** Opening Data records block **

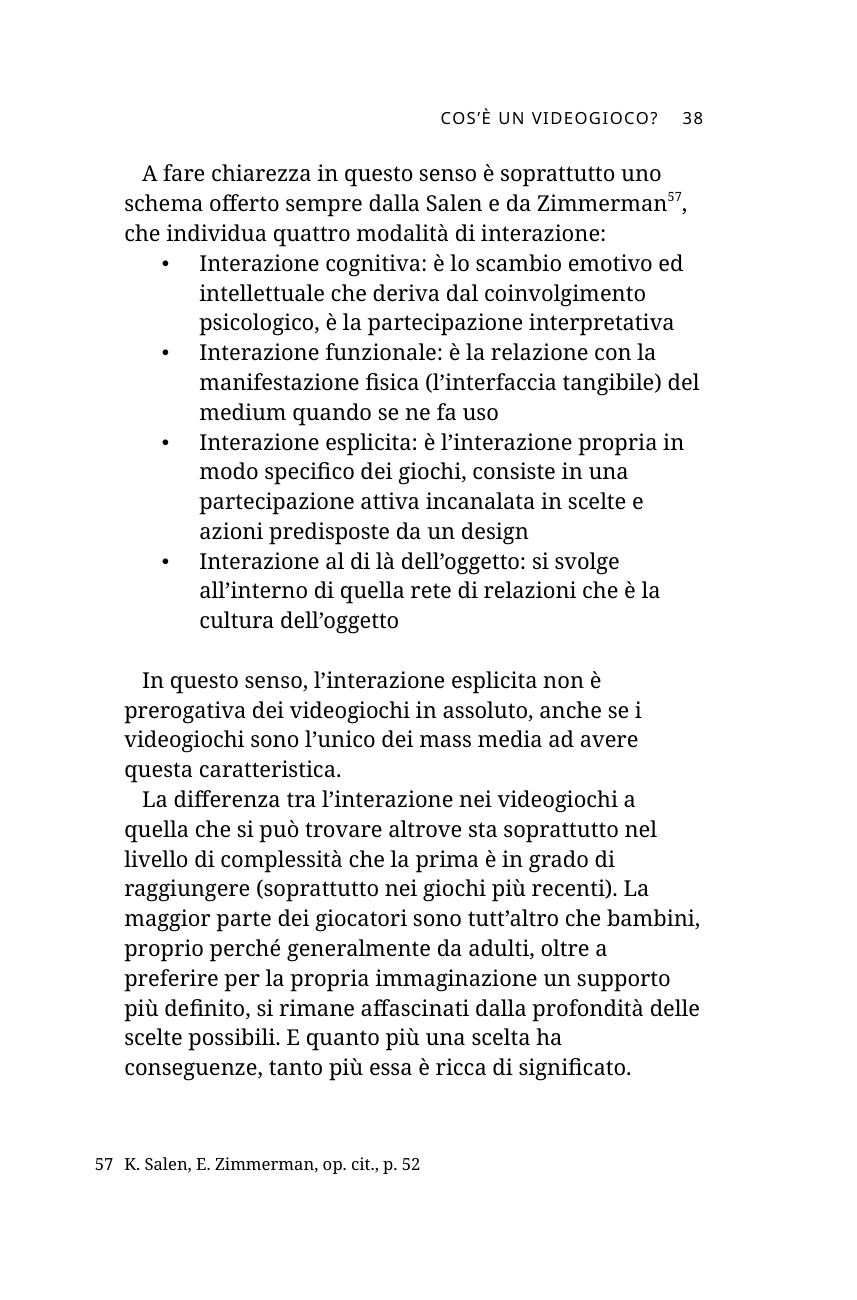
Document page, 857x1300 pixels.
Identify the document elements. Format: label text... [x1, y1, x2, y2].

list Interazione esplicita: è l’interazione propria in modo specifico dei giochi, consiste in una partecipazione attiva incanalata in scelte e azioni predisposte da un design [162, 427, 703, 546]
text A fare chiarezza in questo senso è soprattutto uno schema offerto sempre dalla Salen e da Zimmerman, che individua quattro modalità di interazione: [124, 158, 703, 248]
list Interazione al di là dell’oggetto: si svolge all’interno di quella rete di relazioni che è la cultura dell’oggetto [162, 546, 703, 635]
text In questo senso, l’interazione esplicita non è prerogativa dei videogiochi in assoluto, anche se i videogiochi sono l’unico dei mass media ad avere questa caratteristica. [124, 665, 703, 784]
text La differenza tra l’interazione nei videogiochi a quella che si può trovare altrove sta soprattutto nel livello di complessità che la prima è in grado di raggiungere (soprattutto nei giochi più recenti). La maggior parte dei giocatori sono tutt’altro che bambini, proprio perché generalmente da adulti, oltre a preferire per la propria immaginazione un supporto più definito, si rimane affascinati dalla profondità delle scelte possibili. E quanto più una scelta ha conseguenze, tanto più essa è ricca di significato. [124, 784, 703, 1082]
list Interazione cognitiva: è lo scambio emotivo ed intellettuale che deriva dal coinvolgimento psicologico, è la partecipazione interpretativa [162, 248, 703, 337]
text K. Salen, E. Zimmerman, op. cit., p. 52 [94, 1152, 703, 1175]
list Interazione funzionale: è la relazione con la manifestazione fisica (l’interfaccia tangibile) del medium quando se ne fa uso [162, 337, 703, 427]

** Closing Data records block **

**What is being asked:** Copy out every line from the data above that has "sono" in it.

**Response area:**
text In questo senso, l’interazione esplicita non è prerogativa dei videogiochi in assoluto, anche se i videogiochi sono l’unico dei mass media ad avere questa caratteristica. [124, 665, 703, 784]
text La differenza tra l’interazione nei videogiochi a quella che si può trovare altrove sta soprattutto nel livello di complessità che la prima è in grado di raggiungere (soprattutto nei giochi più recenti). La maggior parte dei giocatori sono tutt’altro che bambini, proprio perché generalmente da adulti, oltre a preferire per la propria immaginazione un supporto più definito, si rimane affascinati dalla profondità delle scelte possibili. E quanto più una scelta ha conseguenze, tanto più essa è ricca di significato. [124, 784, 703, 1082]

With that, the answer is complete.